初见时,赵桓一身素白如谪仙,立于台下泱泱人海之中。台上的顾忱意气风发,无人能敌,恰同是少年。
只是视线匆匆扫过,一触即分。
本来只该萍水相逢一场。
思绪很快抽离,顾忱知道现在不是想这些的时候,对面还有个虎视眈眈的家伙呢。
“所以你特地入了我的梦,为着什么?”顾忱的手里把玩着不知何时变出来的银簪,其上的银蝶轻盈空灵,振翅欲飞。
少年楚齐不笑了,他的眼下被睫毛投出片浓重的阴影:“你果真不是等闲之辈啊。

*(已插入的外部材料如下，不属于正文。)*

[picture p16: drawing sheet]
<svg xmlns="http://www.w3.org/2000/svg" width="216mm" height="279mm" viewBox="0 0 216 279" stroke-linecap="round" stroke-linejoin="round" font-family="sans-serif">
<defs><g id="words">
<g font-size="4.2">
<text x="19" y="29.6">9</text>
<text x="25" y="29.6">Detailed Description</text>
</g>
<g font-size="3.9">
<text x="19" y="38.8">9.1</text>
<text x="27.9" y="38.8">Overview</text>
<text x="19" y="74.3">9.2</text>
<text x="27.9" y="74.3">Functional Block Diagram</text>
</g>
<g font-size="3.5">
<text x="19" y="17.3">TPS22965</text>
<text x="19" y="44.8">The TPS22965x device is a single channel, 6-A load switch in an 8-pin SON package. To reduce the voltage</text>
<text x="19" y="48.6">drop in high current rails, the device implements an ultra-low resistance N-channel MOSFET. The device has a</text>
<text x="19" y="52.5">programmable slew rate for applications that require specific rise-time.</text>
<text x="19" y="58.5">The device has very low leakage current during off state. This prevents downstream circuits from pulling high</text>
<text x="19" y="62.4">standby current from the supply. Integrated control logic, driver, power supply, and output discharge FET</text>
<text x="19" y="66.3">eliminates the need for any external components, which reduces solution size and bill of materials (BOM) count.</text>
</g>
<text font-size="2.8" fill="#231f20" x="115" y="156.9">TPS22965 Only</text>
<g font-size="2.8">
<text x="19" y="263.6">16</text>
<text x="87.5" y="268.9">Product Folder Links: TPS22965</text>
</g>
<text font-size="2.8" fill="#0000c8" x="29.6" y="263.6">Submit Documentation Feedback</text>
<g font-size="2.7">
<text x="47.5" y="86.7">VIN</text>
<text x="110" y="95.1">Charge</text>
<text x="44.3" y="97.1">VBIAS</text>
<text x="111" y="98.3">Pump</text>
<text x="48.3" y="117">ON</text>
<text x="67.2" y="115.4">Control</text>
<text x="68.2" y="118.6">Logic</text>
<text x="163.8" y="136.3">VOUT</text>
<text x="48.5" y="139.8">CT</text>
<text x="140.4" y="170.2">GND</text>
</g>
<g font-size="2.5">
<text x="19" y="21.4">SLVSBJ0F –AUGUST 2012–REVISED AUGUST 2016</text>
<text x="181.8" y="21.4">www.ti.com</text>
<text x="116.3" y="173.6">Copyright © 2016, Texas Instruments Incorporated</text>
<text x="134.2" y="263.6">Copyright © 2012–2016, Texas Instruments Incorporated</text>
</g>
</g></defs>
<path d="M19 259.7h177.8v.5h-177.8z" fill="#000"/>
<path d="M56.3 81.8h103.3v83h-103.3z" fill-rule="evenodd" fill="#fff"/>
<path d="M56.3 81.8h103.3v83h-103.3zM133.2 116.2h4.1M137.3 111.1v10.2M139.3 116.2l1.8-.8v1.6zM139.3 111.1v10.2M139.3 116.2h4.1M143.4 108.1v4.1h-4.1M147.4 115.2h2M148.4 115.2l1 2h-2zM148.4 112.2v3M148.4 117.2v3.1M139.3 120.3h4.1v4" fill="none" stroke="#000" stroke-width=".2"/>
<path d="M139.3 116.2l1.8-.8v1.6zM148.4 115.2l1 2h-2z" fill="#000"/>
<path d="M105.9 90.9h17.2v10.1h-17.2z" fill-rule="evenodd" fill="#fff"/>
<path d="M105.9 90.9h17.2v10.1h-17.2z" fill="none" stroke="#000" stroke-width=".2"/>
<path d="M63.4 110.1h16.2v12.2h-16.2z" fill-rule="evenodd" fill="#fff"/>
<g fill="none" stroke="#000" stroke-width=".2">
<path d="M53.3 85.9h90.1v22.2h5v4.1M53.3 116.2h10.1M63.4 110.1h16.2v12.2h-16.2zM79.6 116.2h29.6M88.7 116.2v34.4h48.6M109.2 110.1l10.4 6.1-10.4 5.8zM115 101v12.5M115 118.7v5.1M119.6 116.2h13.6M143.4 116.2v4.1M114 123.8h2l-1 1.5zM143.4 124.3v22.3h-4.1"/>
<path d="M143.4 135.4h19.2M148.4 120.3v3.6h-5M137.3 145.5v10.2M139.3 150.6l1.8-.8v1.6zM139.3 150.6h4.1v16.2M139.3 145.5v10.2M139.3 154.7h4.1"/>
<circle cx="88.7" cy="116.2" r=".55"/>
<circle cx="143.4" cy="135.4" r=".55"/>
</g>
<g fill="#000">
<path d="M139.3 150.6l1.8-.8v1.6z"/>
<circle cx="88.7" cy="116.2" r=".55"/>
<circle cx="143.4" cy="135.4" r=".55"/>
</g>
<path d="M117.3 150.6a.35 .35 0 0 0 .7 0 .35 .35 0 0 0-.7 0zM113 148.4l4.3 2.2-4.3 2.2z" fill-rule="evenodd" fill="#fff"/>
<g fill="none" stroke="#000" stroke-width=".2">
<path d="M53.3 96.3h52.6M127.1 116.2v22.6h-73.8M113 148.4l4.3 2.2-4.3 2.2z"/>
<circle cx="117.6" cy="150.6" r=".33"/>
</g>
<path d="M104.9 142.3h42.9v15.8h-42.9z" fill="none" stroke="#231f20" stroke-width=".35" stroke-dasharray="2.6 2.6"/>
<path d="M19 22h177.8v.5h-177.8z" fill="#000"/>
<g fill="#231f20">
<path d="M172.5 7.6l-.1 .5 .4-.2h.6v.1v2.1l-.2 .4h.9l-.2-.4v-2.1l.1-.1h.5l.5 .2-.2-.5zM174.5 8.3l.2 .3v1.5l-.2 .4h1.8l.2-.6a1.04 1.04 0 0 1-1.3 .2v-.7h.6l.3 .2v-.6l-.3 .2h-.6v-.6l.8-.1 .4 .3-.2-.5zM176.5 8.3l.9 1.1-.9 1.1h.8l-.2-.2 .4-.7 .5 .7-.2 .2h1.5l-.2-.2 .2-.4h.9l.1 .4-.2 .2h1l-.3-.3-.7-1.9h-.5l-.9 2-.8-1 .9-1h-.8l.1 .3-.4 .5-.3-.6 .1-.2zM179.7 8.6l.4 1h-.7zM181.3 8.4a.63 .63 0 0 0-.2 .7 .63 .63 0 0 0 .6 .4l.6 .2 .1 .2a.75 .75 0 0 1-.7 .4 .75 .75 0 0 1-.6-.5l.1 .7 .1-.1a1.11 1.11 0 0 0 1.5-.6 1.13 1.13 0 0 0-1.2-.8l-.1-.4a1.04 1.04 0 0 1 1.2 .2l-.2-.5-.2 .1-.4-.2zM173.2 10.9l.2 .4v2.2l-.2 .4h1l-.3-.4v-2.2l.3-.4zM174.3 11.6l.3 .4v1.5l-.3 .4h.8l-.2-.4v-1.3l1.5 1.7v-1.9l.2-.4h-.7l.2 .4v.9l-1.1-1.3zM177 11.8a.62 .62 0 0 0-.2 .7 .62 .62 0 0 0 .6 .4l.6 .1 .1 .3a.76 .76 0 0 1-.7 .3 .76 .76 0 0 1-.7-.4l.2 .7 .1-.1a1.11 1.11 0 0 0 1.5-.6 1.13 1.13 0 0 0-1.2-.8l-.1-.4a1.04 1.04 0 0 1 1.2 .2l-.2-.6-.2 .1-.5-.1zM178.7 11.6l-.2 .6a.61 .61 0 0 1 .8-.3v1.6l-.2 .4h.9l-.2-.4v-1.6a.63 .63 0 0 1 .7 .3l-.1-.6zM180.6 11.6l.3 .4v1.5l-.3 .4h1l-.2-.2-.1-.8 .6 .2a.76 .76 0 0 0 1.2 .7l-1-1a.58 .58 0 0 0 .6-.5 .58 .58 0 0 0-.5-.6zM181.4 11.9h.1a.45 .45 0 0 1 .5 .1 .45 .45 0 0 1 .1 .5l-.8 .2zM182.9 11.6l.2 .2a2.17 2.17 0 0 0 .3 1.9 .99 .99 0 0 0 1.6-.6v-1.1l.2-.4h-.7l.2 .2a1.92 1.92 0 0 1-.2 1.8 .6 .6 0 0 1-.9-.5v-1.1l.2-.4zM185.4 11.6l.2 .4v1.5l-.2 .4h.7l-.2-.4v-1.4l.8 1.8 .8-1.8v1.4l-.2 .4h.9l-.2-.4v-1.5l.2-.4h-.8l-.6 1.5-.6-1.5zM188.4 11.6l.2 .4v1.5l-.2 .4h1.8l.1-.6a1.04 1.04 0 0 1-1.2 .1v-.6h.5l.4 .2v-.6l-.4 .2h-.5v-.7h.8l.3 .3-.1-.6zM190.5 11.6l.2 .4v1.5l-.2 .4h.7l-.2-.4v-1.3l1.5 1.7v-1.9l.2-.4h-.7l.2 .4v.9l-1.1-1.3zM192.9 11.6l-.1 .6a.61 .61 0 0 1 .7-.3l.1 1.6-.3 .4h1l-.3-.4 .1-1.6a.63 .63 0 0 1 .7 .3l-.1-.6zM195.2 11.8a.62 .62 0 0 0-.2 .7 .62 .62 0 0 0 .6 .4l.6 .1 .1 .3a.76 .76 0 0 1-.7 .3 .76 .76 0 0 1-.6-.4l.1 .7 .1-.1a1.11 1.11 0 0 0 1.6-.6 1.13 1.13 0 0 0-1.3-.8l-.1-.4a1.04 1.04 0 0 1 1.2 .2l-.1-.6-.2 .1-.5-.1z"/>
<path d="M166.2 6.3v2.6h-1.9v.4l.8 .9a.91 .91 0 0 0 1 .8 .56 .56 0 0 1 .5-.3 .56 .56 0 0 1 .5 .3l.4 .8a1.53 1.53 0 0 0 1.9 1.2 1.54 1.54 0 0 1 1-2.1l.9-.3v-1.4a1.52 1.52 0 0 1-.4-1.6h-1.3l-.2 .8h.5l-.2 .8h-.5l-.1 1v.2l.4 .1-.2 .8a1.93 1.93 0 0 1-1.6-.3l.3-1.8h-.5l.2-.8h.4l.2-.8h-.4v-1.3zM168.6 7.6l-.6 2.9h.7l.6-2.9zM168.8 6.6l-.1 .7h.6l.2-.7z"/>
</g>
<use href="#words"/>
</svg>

”没两个时辰就看出来了这里是梦。
“你不知晓我的身份,如此甚好。”顾忱大马金刀地拉开椅子一坐,门窗随即洞开,饭馆里盛满了皎洁冷清的月光。
楚齐望了一眼对面坐着的梦境之主。
顾忱的年纪绝不像她的容貌一般年轻。
她的长相是英气那款的,上挑的柳叶眼又在身上的边关风雪上添了几分鲜活张扬的少年气。
但在梦里,她是真我之相。
容貌自然是不变的,只是眼神的变化。
梦里的她没了张扬和轻狂,历尽千帆的沧桑加诸于她。
“有求于人可不是这么个法子,你说是吧?”顾忱皮笑肉不笑地望着少年楚齐脖颈间的玉石,“和赤身裸体闯进别人家的行为无异,你这种擅自入梦的。”
少年楚齐不甚在意,那双黑沉的眼里尽是恶意:“原来如此,那我果然还是太过良善了。”
“你在胡扯。”顾忱眉头舒展开来,带着十拿九稳的笃定。
这下轮到少年楚齐惊讶了。
“演得不错,可惜在我的梦里。”顾忱起身,眼底锐利,“快说吧,我赶时间。”
见少年还是一知半解的样子,顾忱好心地解释一番:“同心环境,同的是我的心,自然就是在我的梦里了。我的梦里,只要我意识到了,我就是主宰。”
“我要为我父亲申冤。”楚齐咬咬牙,沉声道。
说罢,他将自己所知的一切和盘托出。
定云侯楚应举是湖州的父母官,深得百姓爱戴。他为人方正,做事细致,很少有人能挑得出他在为官上的差错。
少年楚齐也同样想不明白。
木秀于林,风必摧之——后来他成了个厨子自己开着小饭馆才明白了这个无比朴素的道理。
楚应举是好官,朝廷内外都清楚。
赵涿治国有个特点,把那些贪官污吏都放到京城里来。
京城油水多,他们高高兴兴,赵涿也能略略看着点,避免搞出大乱。
像是楚应举这种能长期留在州里的,都是一等一的清官。
一般来说要搞事转移皇帝视线的贪官污吏都不会把主意打到他身上,因为很难。
所以楚应举一朝被曝贪腐就挺奇怪的。
偏偏证据确凿,真金白银都流进了国库。此事蹊跷,又找不到线索,加上大理寺的从中作梗,最后也就不了了之了。
“我知道是谁做的。”少年楚齐低声道,一字一顿。